RECORD EXTRACTS Block Start

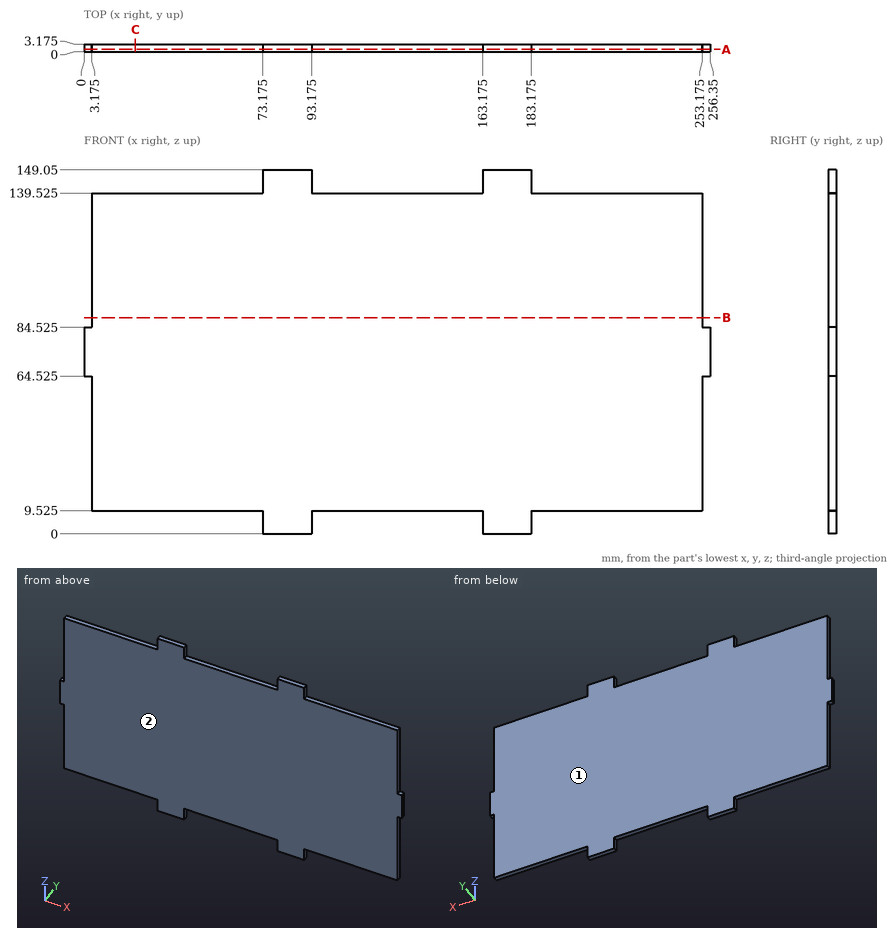
Verification items for this drawing (mm, ordinates from the low corner). Give positions to 0.01 mm unless a question says otherwise; leave off trailing zeros. Loops run counter-clockwise (first coordinate to the right, second up) from the corner with the lowest first, then second, coordinate; pieces in that order, holes last.
1. Cross-section at B-B on z = 88.5. Record the cut outline in (x, y) (3 decimals).
Derived:
outline: (3.175, 0) - (253.175, 0) - (253.175, 3.175) - (3.175, 3.175) - close
2. Release check for a two-part mould opening along Y. For the marked faces 1 and 2 record: +Y half, -Y half, draft (parallel to the pull), parting line (faces both ways), or undercut.
Derived:
face 1: +Y half
face 2: -Y half
3. Cross-section at C-C on x = 21. Record the cut outline in (y, z) (3 decimals).
Derived:
outline: (0, 9.525) - (3.175, 9.525) - (3.175, 139.525) - (0, 139.525) - close
4. Material ranges on probe 1 along X at (y, z) = (0.4, 8.5) (3 decimals); probe 2 along X at (y, z) = (0.4, 59) (3 decimals); probe 3 along Z at (x, y) = (16.5, 0.3) (3 decimals), recorded low to high.
Derived:
probe 1: x = 73.175 to 93.175, 163.175 to 183.175
probe 2: x = 3.175 to 253.175
probe 3: z = 9.525 to 139.525
5. Go/stop test with flat-tipped pins: P1, Ø1, axis at y = 2, z = 34.5, coming from the +X side (3 decimals); P2, Ø1, axis at x = 185.5, y = 1.5, coming from the +Z side (3 decimals); P3, Ø1.6, axis at y = 1.5, z = 146, coming from the -X side (3 decimals). Record where each tip stops, or that it passes through.
Derived:
P1: stops at x = 253.175
P2: stops at z = 139.525
P3: stops at x = 73.175
6. Cross-section at A-A on y = 1. Record the cut outline in (x, z) (3 decimals), and give its area (3 significant figures).
Derived:
outline: (0, 64.525) - (3.175, 64.525) - (3.175, 9.525) - (73.175, 9.525) - (73.175, 0) - (93.175, 0) - (93.175, 9.525) - (163.175, 9.525) - (163.175, 0) - (183.175, 0) - (183.175, 9.525) - (253.175, 9.525) - (253.175, 64.525) - (256.35, 64.525) - (256.35, 84.525) - (253.175, 84.525) - (253.175, 139.525) - (183.175, 139.525) - (183.175, 149.05) - (163.175, 149.05) - (163.175, 139.525) - (93.175, 139.525) - (93.175, 149.05) - (73.175, 149.05) - (73.175, 139.525) - (3.175, 139.525) - (3.175, 84.525) - (0, 84.525) - close
area: 33,400 mm2
Build history of the part. All positions in model axes, mm. A direction names the side the tool comes from. Give positions to 0.01 mm unless a question says otherwise; leave off trailing zeros. Write each loop counter-clockwise with the first axis right and the second up, starting at its lowest first coordinate (ties: lowest second). Pieces come first, ordered by that corner, then holes. Notation, with made-up numbers: (-31, 23.25) -> (13, 23.25) arc R10 ccw to (13, 40.25) -> close; hole circle Ø10 at (46, 35). An arc over 180 degrees is marked (long way). Write item = value, one per line. Start each with the question number.
Q1. Saw through at B-B, the plane x = 41.5. List the corners of the cut face in (y, z).
Q2. Drop flat-ended pins along their axis: P1, Ø4, axis at x = 47, z = 8.5, coming from the +Y side; P2, Ø3, axis at x = 8.07, z = 6.35, coming from the +Y side; P3, Ø6, axis at x = 32, z = 9, coming from the +Y side; P4, Ø5, axis at y = 18, z = 8.5, coming from the +X side. Give the stop position or say it passes through.
Q3. Saw through at A-A, the plane z = 6.35. List the corners of the cut face in (x, y), then the cut area to 3 significant figures.
Q4. Mould opens along Z. For faces 1 (the face through (17, 15, 0)), 2 (the face through (25.064, 23.926, 6.261)), 3 (the face through (10.34, 0.39, 7.07)) say: pulls with the +Z half, pulls with the -Z half, needs draft (parallel to the pull), parting line crosses it, or undercut.
Q5. Saw through at D-D, the plane x = 19. List the corners of the cut face in (y, z), then the cut area to 3 significant figures.
Q6. Wall check: line 1 (Y direction, x = 6, z = 1.75); line 2 (Y direction, x = 25, z = 10.5); line 3 (X direction, y = 13.75, z = 4.75). Give the ranges that are in metal, low to high.
Q7. Saw through at C-C, the plane y = 19.75. List the corners of the cut face in (x, z).
Q8. Tool access for faces 4 (the face through (45, 0.794, 8)), 5 (the face through (17, 15, 12.7)), 6 (the face through (16.62, 8.53, 6.26)), 7 (the face through (1.61, 0.391, 11.135)), 8 (the face through (5.5, 0.794, 6.3)): list every direction of +Z, -Z, +X, -X, +Y, -Y with a clear straight run to the whole face (end or side of a thin tool).
Autodesk Inventor part; units mm, degrees
ref_plane "YZ Plane" through (0, 0, 0) normal (1, 0, 0) x (0, 1, 0)
ref_plane "XZ Plane" through (0, 0, 0) normal (0, 1, 0) x (-1, 0, 0)
ref_plane "XY Plane" through (0, 0, 0) normal (0, 0, 1) x (1, 0, 0)
sketch "Sketch1" plane through (0, 0, 0) normal (0, 0, 1) x (1, 0, 0)
  line L0 (0, 0) -> (14.4203, 0)
  line L1 (16.0018, 1.4491) -> (17.2586, 15.8146)
  arc A0 (33.2345, 15.8146) -> (17.2586, 15.8146) centre (25.2465, 15.1157) ccw
  line L2 (33.2345, 15.8146) -> (34.4913, 1.4491)
  line L3 (36.0728, 0) -> (50.4931, 0)
  arc A1 (14.4203, 0) -> (16.0018, 1.4491) centre (14.4203, 1.5875) ccw
  arc A2 (34.4913, 1.4491) -> (36.0728, 0) centre (36.0728, 1.5875) ccw
  line L4 (0, 0.7937) -> (14.4203, 0.7937)
  arc A3 (14.4203, 0.7937) -> (15.2111, 1.5183) centre (14.4203, 1.5875) ccw
  line L5 (15.2111, 1.5183) -> (16.4679, 15.8838)
  arc A4 (34.0252, 15.8838) -> (16.4679, 15.8838) centre (25.2465, 15.1157) ccw
  line L6 (34.0252, 15.8838) -> (35.282, 1.5183)
  arc A5 (35.282, 1.5183) -> (36.0728, 0.7938) centre (36.0728, 1.5875) ccw
  line L7 (36.0728, 0.7938) -> (50.4931, 0.7938)
  line L8 (0, 0.7937) -> (0, 0)
  line L9 (50.4931, 0.7938) -> (50.4931, 0)
  line L10 (17.944, 18.4277) -> (32.549, 18.4277) construction
  point P0 (15.875, 0)
  dimension "d0" = 15.875
  dimension "d1" = 15.875
  dimension "d2" = 1.5875
  dimension "d3" = 95
  dimension "d4" = 95
  dimension "d6" = 0.7937
  dimension "d18" = 14.605
  dimension "d19" = 18.4277
extrude "Extrusion1" add sketch "Sketch1" along normal blind 12.7
chamfer "Chamfer1" distance 3.175 angle 45 4 edges at (0, 0.3969, 12.7) (50.4931, 0.3969, 12.7) (50.4931, 0.3969, 0) (0, 0.3969, 0)
sketch "Sketch2" plane through (36.0728, 0, 0) normal (0, -1, 0) x (1, 0, 0)
  line L0 (0, 12.7) -> (11.2453, 12.7)
  line L1 (0, 0) -> (0, 12.7)
  line L2 (0, 0) -> (11.2453, 0)
  line L3 (-32.8978, 0) -> (-36.0728, 3.175)
  line L4 (-32.8978, 0) -> (-21.6524, 0)
  line L5 (-21.6524, 0) -> (-21.6524, 12.7)
  line L6 (-32.8978, 12.7) -> (-21.6524, 12.7)
  line L7 (-36.0728, 9.525) -> (-32.8978, 12.7)
  line L8 (-36.0728, 3.175) -> (-36.0728, 9.525)
  line L9 (6.35, 12.7) -> (6.35, 0) construction
  line L10 (-28.0024, 12.7) -> (-28.0024, 0) construction
  circle A0 centre (-28.0024, 6.35) radius 2.3813
  circle A1 centre (6.35, 6.35) radius 2.3813
  point P0 (-36.0728, 0)
  dimension "d12" = 4.7625
  dimension "d13" = 4.7625
  dimension "d14" = 6.35
  dimension "d15" = 6.35
extrude "Extrusion2" cut sketch "Sketch2" against normal through all contours A0 | A1
equation "\"d4\" = d3"
equation "\"d12\" = d13"
equation "\"d15\" = d14"
properties part number "Pneumatics Steel Bracket" material "Steel"
Report:
q1.outline = (0, 0) -> (0.79, 0) -> (0.79, 4.15) -> (0, 4.15) -> close; (0, 8.55) -> (0.79, 8.55) -> (0.79, 12.7) -> (0, 12.7) -> close
q2.P1 = 0.79
q2.P2 = through
q2.P3 = 23.09
q2.P4 = 34.06
q3.outline = (0, 0) -> (5.69, 0) -> (5.69, 0.79) -> (0, 0.79) -> close; (10.45, 0) -> (14.42, 0) arc R1.59 ccw to (16, 1.45) -> (17.26, 15.81) arc R8.02 cw to (33.23, 15.81) -> (34.49, 1.45) arc R1.59 ccw to (36.07, 0) -> (40.04, 0) -> (40.04, 0.79) -> (36.07, 0.79) arc R0.79 cw to (35.28, 1.52) -> (34.03, 15.88) arc R8.81 ccw to (16.47, 15.88) -> (15.21, 1.52) arc R0.79 cw to (14.42, 0.79) -> (10.45, 0.79) -> close; (44.8, 0) -> (50.49, 0) -> (50.49, 0.79) -> (44.8, 0.79) -> close
q3.area = 60.8 mm2
q4.face_1 = pulls with the -Z half
q4.face_2 = needs draft
q4.face_3 = undercut
q5.outline = (20.14, 0) -> (21.33, 0) -> (21.33, 12.7) -> (20.14, 12.7) -> close
q5.area = 15.1 mm2
q6.line_1 = 0 to 0.79
q6.line_2 = 23.13 to 23.92
q6.line_3 = 16.28 to 17.08, 33.42 to 34.21
q7.outline = (17.75, 0) -> (18.7, 0) -> (18.7, 12.7) -> (17.75, 12.7) -> close; (31.79, 0) -> (32.74, 0) -> (32.74, 12.7) -> (31.79, 12.7) -> close
q8.face_4 = +Z, -Z, +X, +Y
q8.face_5 = +Z, +X, -X, +Y, -Y
q8.face_6 = +Z, -Z, -Y
q8.face_7 = +Z, -X, +Y, -Y
q8.face_8 = +Z, -Z, -X, +Y

RECORD EXTRACTS Block End

EXERCISE DETAILS. Scan the data above and report each line in which "dimension" is present.

ANSWER TO THIS PROBLEM.
  dimension "d0" = 15.875
  dimension "d1" = 15.875
  dimension "d2" = 1.5875
  dimension "d3" = 95
  dimension "d4" = 95
  dimension "d6" = 0.7937
  dimension "d18" = 14.605
  dimension "d19" = 18.4277
  dimension "d12" = 4.7625
  dimension "d13" = 4.7625
  dimension "d14" = 6.35
  dimension "d15" = 6.35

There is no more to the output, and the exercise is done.